Facebook, les usagers créent du contenu et de la valeur à travers cinq usages principaux : (1)

poster des photos, (2), jouer à des jeux, (3) participer à des quizzes, (4) utiliser des applications et (5) mettre à jour leur statut. De plus, ils engagent les autres ou sont engagés par les autres au travers de neuf usages : (1) regarder des photos, (2) être « taggés » sur des photos, (3) tagger des photos, (4) découvrir des applications parce que les amis les ont ajoutés, (5) organiser des événements, (6) recevoir la requête d'un ami, (7) voir le statut des autres, (8) utiliser la recherche avancée pour voir des types spécifiques de personnes, (9) joindre des groupes.

Ces comportements généraux peuvent se modifier selon le temps d’appropriation du service. Ainsi, les utilisateurs plus anciens accordent moins d'importance aux applications interactives et aux jeux et plus d'importance aux statuts et aux photos, notamment parce que les photos s'avèrent des objets adéquats pour l'expression ou la co-construction de l'identité sociale. Or, les statuts et les usages liés à la photo font visiter Facebook plus souvent alors que les applications y font passer plus de temps. On peut en conclure que les usages se tournent avec le temps de plus en plus vers des activités de conversation sociale, une fois que les réseaux d’amis sont formés. L'apprentissage social de Facebook s'avère être un apprentissage vicariant. Plus le réseau d'amis augmente et plus le partage de photos augmente.

Ces trois études différentes montrent que, suivant les outils de CMO, les modes de participation diffèrent. Les réseaux sociaux sont des outils plus conversationnels, mais la durée de l’engagement sur le site implique des modifications de comportements : les activités plébiscitées par les acteurs ne sont pas les mêmes.

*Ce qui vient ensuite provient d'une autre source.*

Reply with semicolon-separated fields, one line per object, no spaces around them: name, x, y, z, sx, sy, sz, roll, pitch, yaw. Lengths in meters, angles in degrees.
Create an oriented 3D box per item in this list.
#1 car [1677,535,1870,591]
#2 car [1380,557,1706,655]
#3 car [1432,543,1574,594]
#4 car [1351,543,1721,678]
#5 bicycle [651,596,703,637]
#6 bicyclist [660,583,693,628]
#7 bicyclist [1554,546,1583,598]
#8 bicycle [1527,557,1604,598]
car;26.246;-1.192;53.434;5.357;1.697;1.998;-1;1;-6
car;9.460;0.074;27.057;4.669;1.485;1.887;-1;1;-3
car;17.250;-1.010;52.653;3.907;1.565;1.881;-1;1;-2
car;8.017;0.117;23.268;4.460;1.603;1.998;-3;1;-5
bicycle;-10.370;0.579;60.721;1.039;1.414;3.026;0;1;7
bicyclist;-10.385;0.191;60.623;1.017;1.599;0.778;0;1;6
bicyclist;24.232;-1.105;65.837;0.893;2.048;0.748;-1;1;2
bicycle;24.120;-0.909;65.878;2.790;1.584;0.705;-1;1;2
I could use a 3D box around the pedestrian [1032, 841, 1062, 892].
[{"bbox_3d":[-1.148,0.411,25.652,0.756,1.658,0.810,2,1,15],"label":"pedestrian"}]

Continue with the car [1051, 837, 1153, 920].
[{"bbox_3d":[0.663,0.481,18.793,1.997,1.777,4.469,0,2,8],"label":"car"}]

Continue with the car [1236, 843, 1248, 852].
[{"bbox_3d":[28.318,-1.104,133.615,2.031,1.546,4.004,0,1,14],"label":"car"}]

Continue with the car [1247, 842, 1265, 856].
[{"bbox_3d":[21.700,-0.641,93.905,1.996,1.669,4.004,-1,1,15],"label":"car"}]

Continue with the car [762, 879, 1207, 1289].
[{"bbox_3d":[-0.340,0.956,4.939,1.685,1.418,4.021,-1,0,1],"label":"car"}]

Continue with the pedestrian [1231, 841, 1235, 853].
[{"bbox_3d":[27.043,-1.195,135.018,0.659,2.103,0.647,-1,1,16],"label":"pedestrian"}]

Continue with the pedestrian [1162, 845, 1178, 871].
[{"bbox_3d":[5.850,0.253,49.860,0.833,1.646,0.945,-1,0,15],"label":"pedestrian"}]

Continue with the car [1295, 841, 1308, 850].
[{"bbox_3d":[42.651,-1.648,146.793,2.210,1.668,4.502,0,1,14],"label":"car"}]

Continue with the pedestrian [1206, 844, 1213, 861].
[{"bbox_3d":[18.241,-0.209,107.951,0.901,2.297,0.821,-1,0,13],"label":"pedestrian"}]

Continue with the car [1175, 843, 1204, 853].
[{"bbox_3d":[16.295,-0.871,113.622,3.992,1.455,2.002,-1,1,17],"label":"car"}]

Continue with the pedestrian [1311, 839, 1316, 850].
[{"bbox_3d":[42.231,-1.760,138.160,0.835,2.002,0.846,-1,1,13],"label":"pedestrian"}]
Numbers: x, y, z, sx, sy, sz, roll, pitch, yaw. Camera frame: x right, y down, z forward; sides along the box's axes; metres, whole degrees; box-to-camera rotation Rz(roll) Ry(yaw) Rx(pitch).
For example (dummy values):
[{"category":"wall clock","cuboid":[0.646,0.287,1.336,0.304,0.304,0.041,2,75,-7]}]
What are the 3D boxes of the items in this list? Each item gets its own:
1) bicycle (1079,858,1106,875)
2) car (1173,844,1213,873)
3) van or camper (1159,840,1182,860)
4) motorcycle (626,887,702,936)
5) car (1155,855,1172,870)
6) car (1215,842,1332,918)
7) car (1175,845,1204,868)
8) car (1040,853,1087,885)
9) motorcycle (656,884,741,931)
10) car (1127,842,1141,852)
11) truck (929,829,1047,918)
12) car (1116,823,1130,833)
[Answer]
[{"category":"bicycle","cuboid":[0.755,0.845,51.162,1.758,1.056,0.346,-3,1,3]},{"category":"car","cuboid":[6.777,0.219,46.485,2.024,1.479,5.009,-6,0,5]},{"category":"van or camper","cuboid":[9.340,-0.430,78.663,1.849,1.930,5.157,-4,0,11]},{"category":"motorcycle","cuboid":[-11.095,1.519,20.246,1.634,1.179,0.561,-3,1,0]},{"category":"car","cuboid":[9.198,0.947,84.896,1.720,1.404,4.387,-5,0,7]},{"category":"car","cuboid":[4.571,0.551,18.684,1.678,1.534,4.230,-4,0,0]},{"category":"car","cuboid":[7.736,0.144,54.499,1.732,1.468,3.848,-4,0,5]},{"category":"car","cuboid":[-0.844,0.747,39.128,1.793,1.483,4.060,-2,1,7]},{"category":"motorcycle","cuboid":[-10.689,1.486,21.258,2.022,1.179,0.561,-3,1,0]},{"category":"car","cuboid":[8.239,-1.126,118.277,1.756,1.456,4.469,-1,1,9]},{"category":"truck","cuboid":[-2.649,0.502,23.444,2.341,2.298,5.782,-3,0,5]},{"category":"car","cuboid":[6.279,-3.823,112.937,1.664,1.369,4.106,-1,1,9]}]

Il est ainsi capital de voir, à la suite d’Erickson (1982), la situation d’apprentissage instruit comme reposant sur deux ensembles de connaissances pratiques, les structures de tâche académique et les structures sociales de participation, qui constituent « un ensemble

schématique de contraintes fourni par la logique d’une séquence » d’apprentissage (Appel, 2010). Il s’agit de distinguer le focus pédagogique de l’interaction et les structures de participation. Dans une situation d’enseignement en présentiel, le tissage entre les deux structures se façonnent de manière simultanée. Dans le cas des situations d’apprentissage en ligne, les structures sont découplées dans le temps et dans l’espace et le maillage des deux se construit différemment (Mangenot, 2008). Dans les deux situations, le présentiel et le en ligne, « la participation contraint l’apprentissage et l’affecte en fournissant un espace et des opportunités aux processus cognitifs » (Appel, 2010), mais sans doute pas de la même manière, puisque dans les espaces d’apprentissage en ligne, la participation laisse des traces rémanentes et est donc réifiée, de manière beaucoup plus systématique que dans l’enseignement en présentiel. Dans le but d'avoir accès à des opportunités d'apprentissage, c’est-à-dire d'être actif, les apprenants doivent non seulement comprendre la logique derrière la tache académique, mais aussi les formes de participation prévues par l'enseignant au travers du dispositif socio-pédagogique en ligne.